## WHAT IS REQUIRED
Filter the records below for the word "object". Copy each line that holds it.
--- START ---
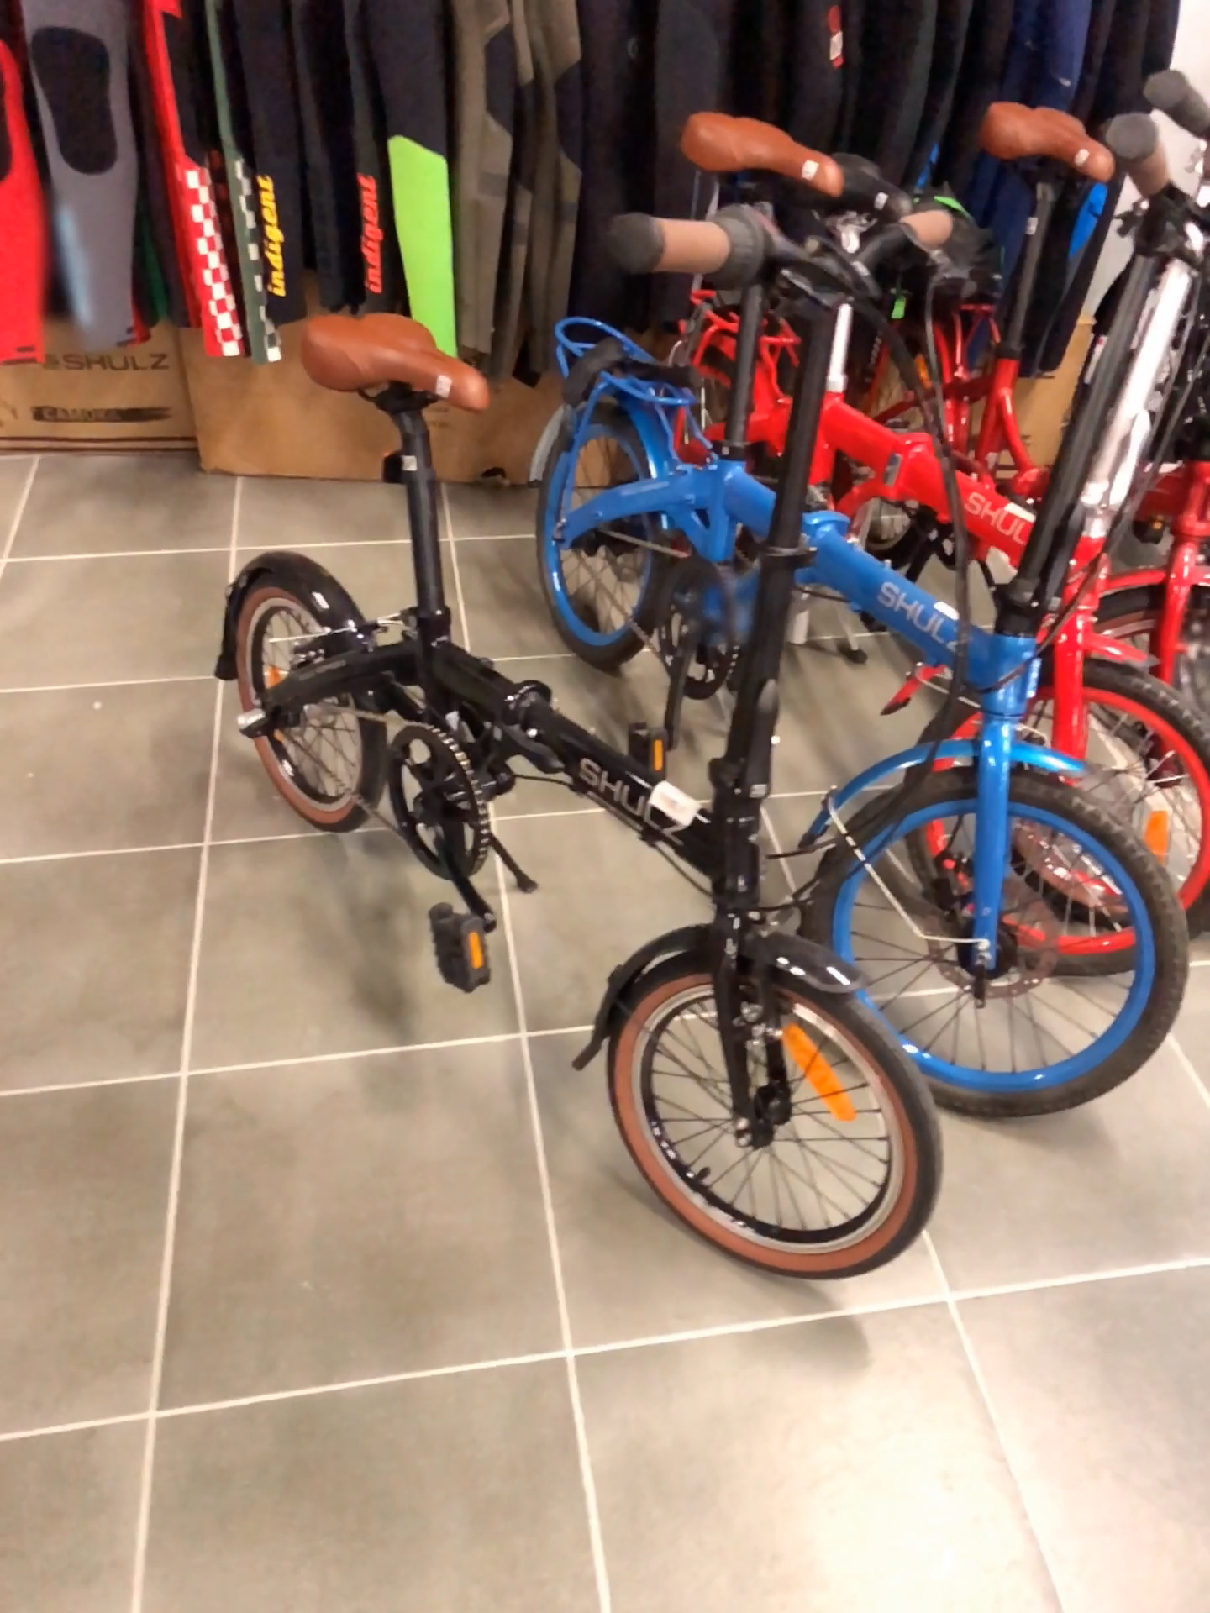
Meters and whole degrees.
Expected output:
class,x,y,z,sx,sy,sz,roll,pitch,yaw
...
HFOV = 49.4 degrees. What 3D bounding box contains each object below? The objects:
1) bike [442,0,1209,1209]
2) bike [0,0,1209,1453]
class,x,y,z,sx,sy,sz,roll,pitch,yaw
bike,0.375,-0.420,1.763,0.568,1.029,1.378,-21,48,-25
bike,-0.074,-0.216,1.443,0.566,1.057,1.277,-30,50,-33
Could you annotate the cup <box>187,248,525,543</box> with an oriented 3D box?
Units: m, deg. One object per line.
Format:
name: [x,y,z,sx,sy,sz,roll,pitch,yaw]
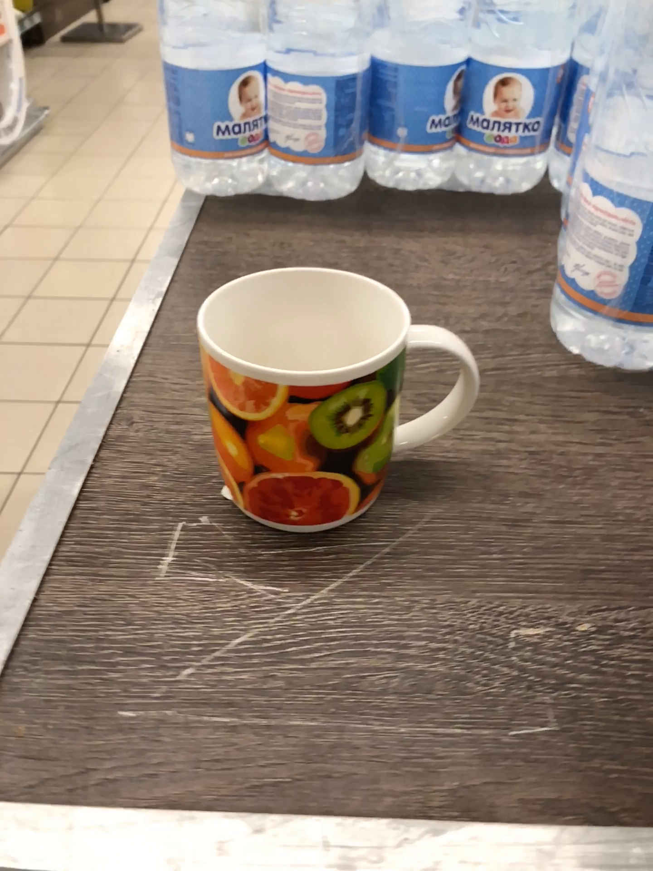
--- END ---
## RESPONSE
HFOV = 49.4 degrees. What 3D bounding box contains each object below? The objects:
Units: m, deg. One object per line.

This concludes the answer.